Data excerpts
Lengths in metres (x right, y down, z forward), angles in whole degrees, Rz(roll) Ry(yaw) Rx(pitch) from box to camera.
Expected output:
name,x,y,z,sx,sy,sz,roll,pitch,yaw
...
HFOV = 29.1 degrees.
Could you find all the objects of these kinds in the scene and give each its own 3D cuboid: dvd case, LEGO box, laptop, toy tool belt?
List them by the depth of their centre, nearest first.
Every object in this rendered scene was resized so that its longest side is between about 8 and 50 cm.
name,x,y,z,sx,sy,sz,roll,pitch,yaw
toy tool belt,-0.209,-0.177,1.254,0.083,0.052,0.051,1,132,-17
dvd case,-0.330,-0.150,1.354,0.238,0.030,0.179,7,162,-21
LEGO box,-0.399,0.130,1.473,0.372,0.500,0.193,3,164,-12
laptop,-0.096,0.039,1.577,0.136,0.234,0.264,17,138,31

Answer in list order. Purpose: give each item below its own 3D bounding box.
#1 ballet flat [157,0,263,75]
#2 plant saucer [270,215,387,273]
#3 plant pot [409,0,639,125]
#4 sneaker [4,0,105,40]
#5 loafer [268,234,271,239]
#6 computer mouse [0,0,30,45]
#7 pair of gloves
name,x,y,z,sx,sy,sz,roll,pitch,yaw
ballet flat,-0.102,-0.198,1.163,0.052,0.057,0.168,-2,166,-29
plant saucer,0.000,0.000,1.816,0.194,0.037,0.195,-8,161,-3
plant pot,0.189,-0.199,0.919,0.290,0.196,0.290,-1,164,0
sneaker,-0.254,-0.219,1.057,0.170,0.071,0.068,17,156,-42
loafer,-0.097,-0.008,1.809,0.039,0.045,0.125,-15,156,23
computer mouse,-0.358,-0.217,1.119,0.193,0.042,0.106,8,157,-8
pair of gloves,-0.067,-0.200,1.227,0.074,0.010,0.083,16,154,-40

> Task instructions
Please go through the data above and copy every line that has the word "degrees".

> Expected output
Lengths in metres (x right, y down, z forward), angles in whole degrees, Rz(roll) Ry(yaw) Rx(pitch) from box to camera.
HFOV = 29.1 degrees.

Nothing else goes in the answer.